Here is the global crude inventories chart from the IEA, which I found on twitter. This chart is before the war started.
The Russian 3 million barrels a day adds up to over 1,000,000,000 barrels a year off the market if this continues as an example. As the storage capacity in Russia fills up, they will have to stop producing as much oil as they do.
5 Million barrels a day is a really big shortfall for the world. We already have 40 million barrels not in the market that we expected to be there, in early February. By the end of March, we are 100,000,000 million Russian barrels short of demand or missing an entire day of world consumption. We are about to go through an EPIC energy crunch until they get the Russian oil back on the market. If the Russian sanctions are still in place in June, this will be very ugly. It is widely known that OPEC+ does not have this kind of spare capacity.

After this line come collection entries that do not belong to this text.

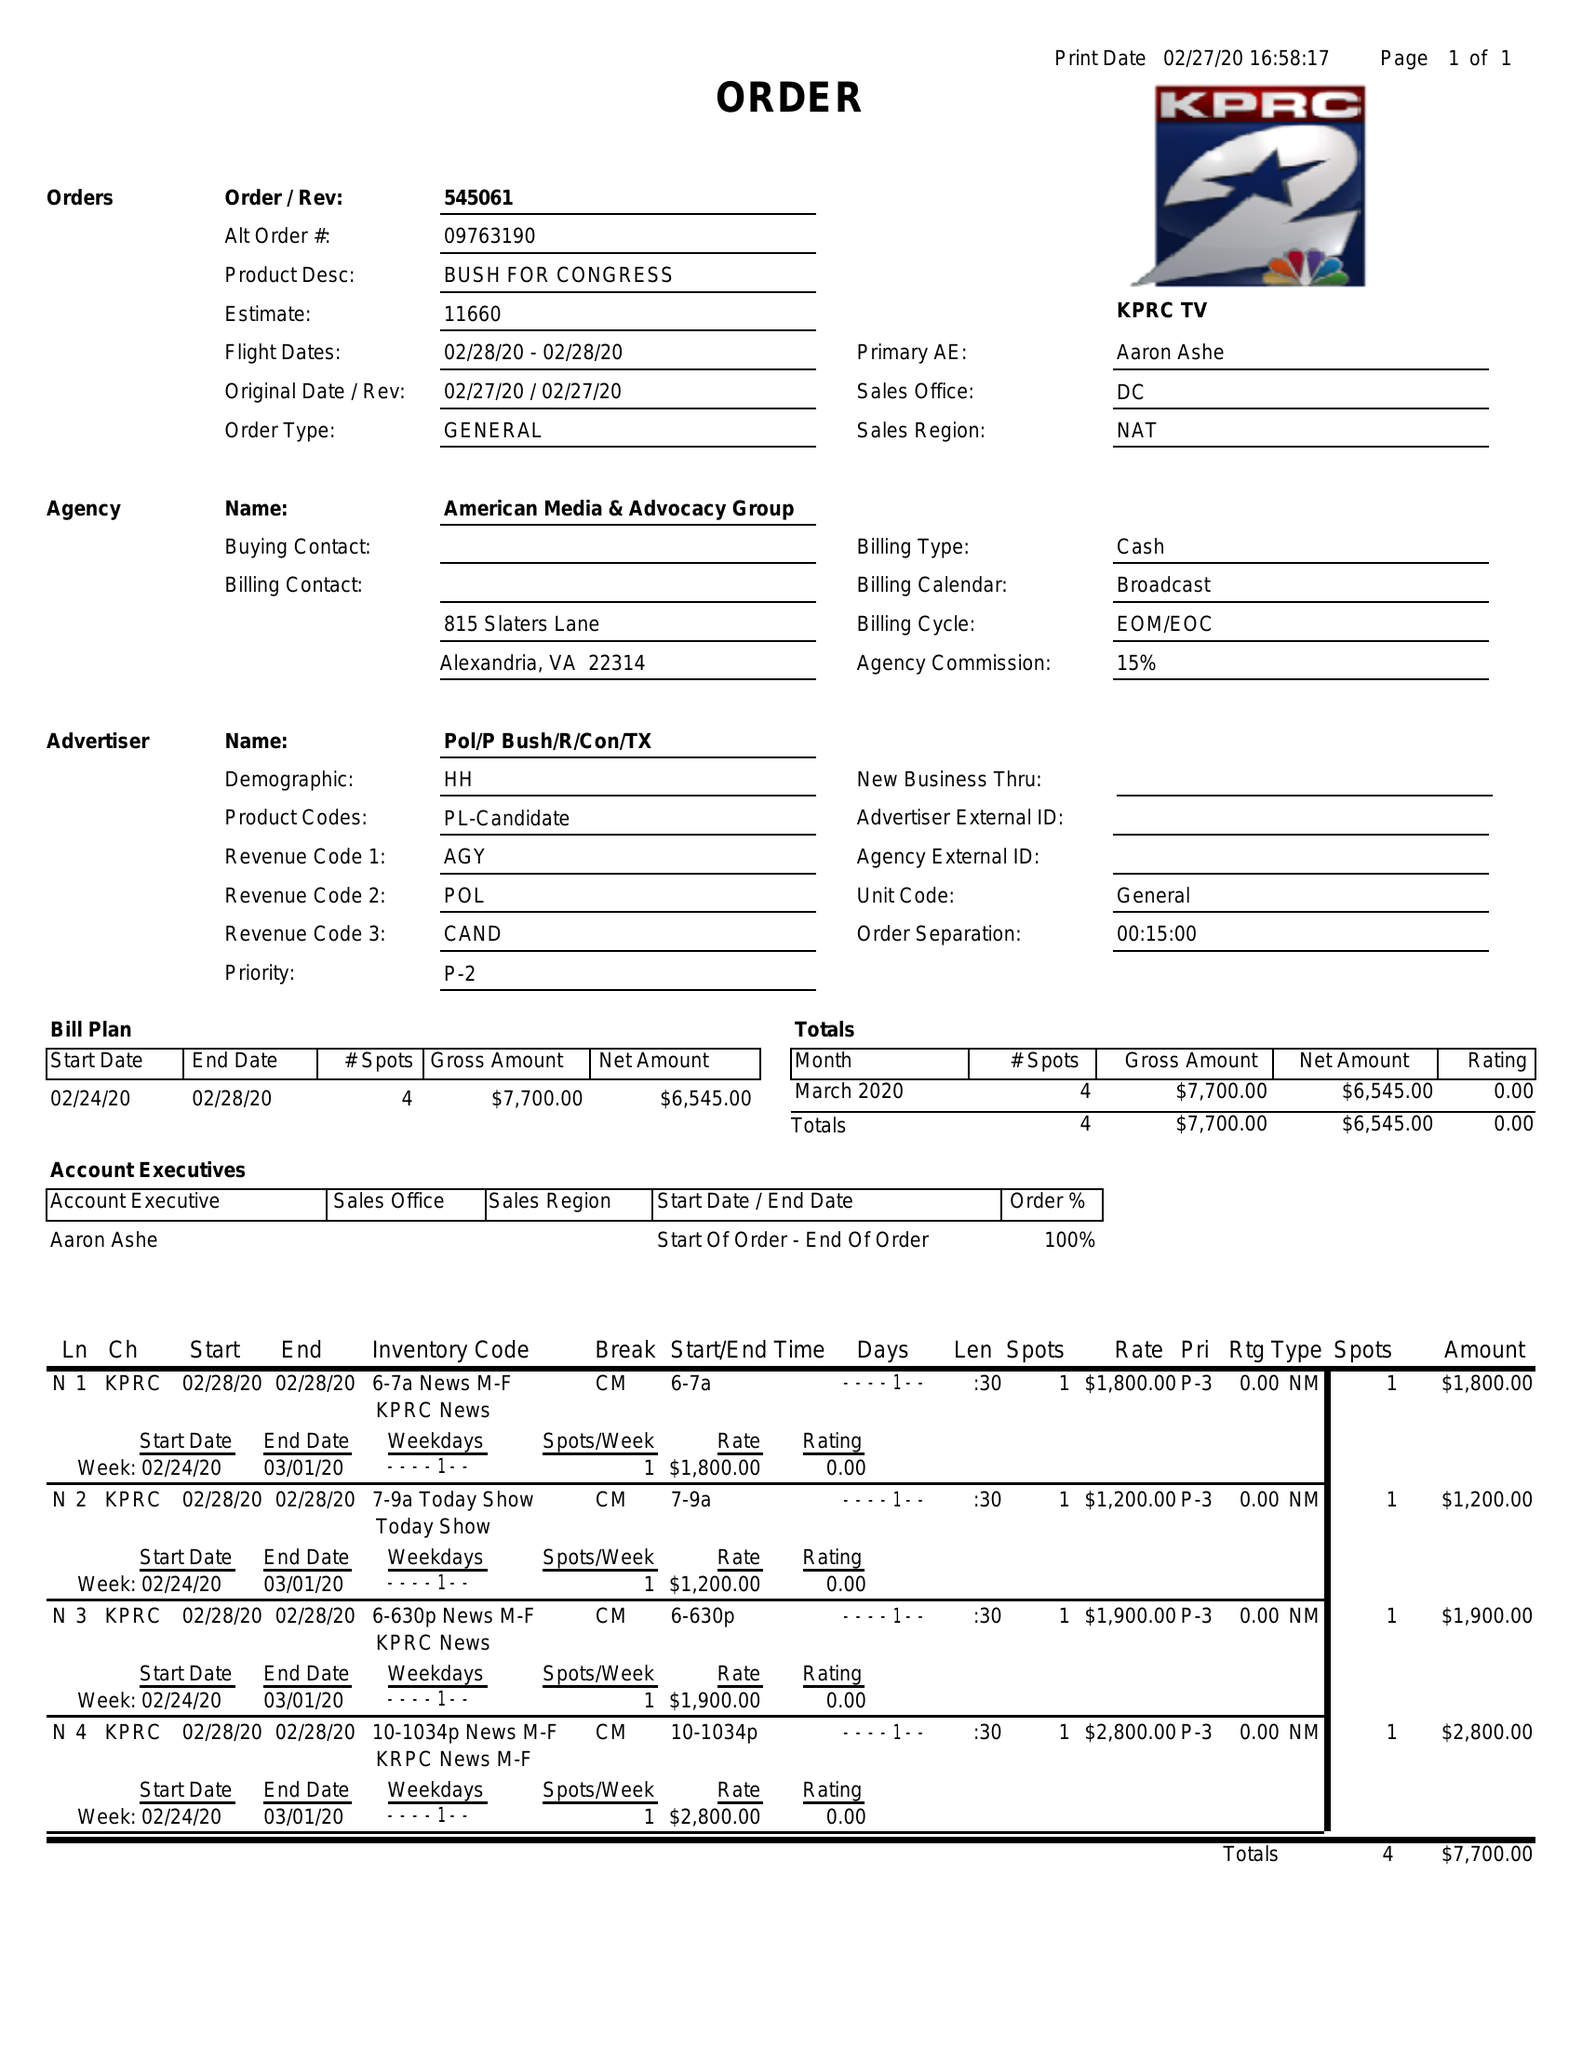What is the value for the flight_from?
Answer the question using a single word or phrase. 02/28/20 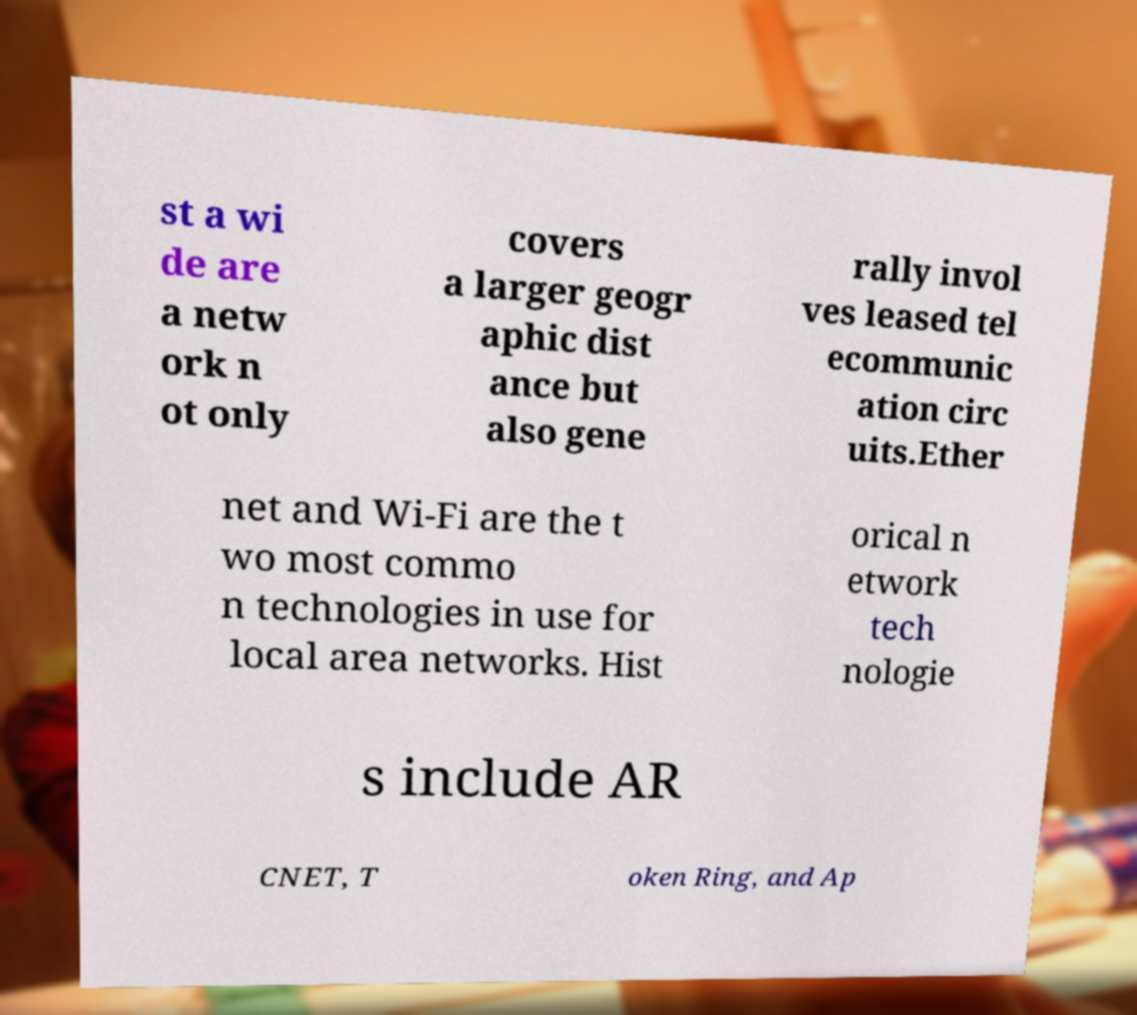Can you accurately transcribe the text from the provided image for me? st a wi de are a netw ork n ot only covers a larger geogr aphic dist ance but also gene rally invol ves leased tel ecommunic ation circ uits.Ether net and Wi-Fi are the t wo most commo n technologies in use for local area networks. Hist orical n etwork tech nologie s include AR CNET, T oken Ring, and Ap 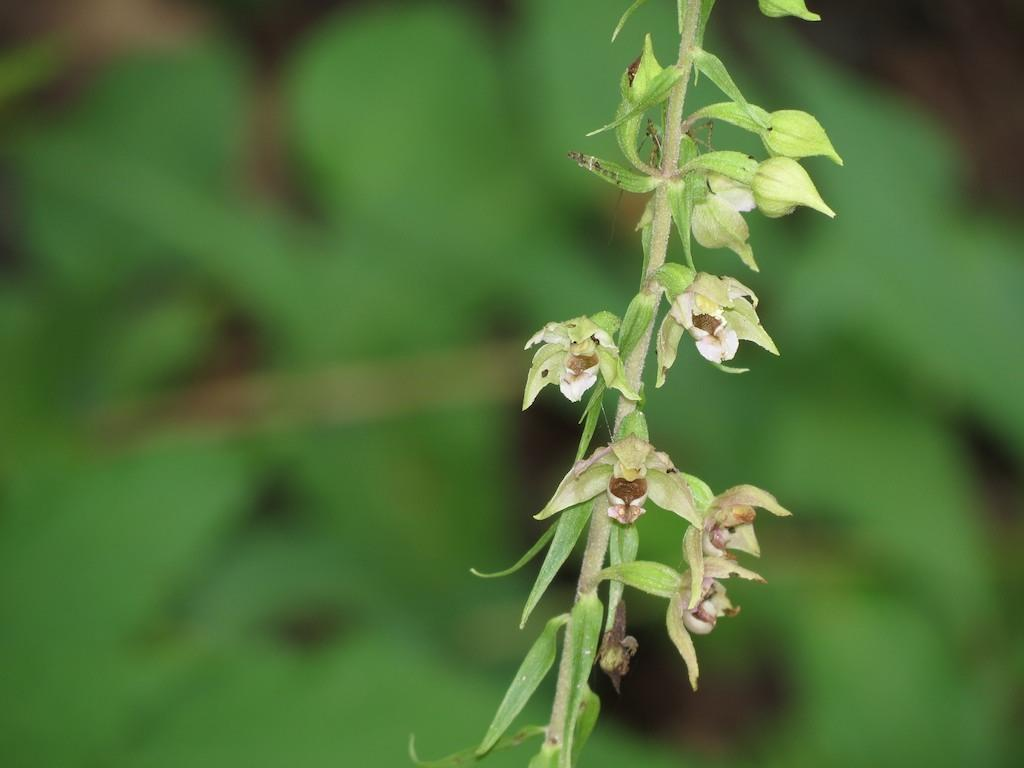What is located in the front of the image? There is a plant in the front of the image. What type of flora can be seen in the image? There are flowers in the image. Can you describe the background of the image? The background of the image is blurry. How does the snake move around in the image? There is no snake present in the image. What type of owl can be seen perched on the plant in the image? There is no owl present in the image; only a plant and flowers are visible. 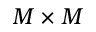Convert formula to latex. <formula><loc_0><loc_0><loc_500><loc_500>M \times M</formula>

This is not a good thing, even for us investing in the market. This is literally a change in survival for low income people that can’t get to work, can’t heat or cool their homes, or afford food as energy takes up dollars out of the paycheque.
Wheat
But then there is the food related problem.
Here’s wheat.
FRANCE’S MACRON: WE WILL HAVE DEEP FOOD CRISIS IN NEXT 12-18 MONTHS IN AFRICA AND MIDEAST DUE TO UKRAINE WAR
Politics in commodities
If Monday / Tuesday scared the crap out of you as a commodity trader, it’s about to get a lot wilder. Anything is possible when individual people get desperate. Add on when governments get desperate to be reelected, and it gets even wilder. Without being political, this chart from the White House shows a few days where gasoline prices didn’t follow crude oil lower. Looking at the crude oil chart and the problems ahead, would you lower the gasoline price anytime soon, expecting it to be an elevator higher? The government propaganda war is always as big as the Ukraine war. When commodities are out of favour, they don’t thank the low prices. When prices increase, they love calling these corporate leaders to the halls of congress as if that changes the tune for commodity prices.
Conclusion
Be very careful as we are about to go through a blender. If we have large positions in commodity related trades, it could be huge risk/ huge reward/huge pain experience. We just watched some of the best traders in the world get swiped. All that to say, there is no exit sign at the top, but it is about to get really ugly.
I graduated from college during Canada’s Government invoking the National Energy Policy in the 1980’s. Within 2 weeks the oil industry was wiped out in Canada. I am one of those that will never forget.
Watching Margin Call this week could not have been more timely. I strongly recommend you understand how fast it all changes at the end.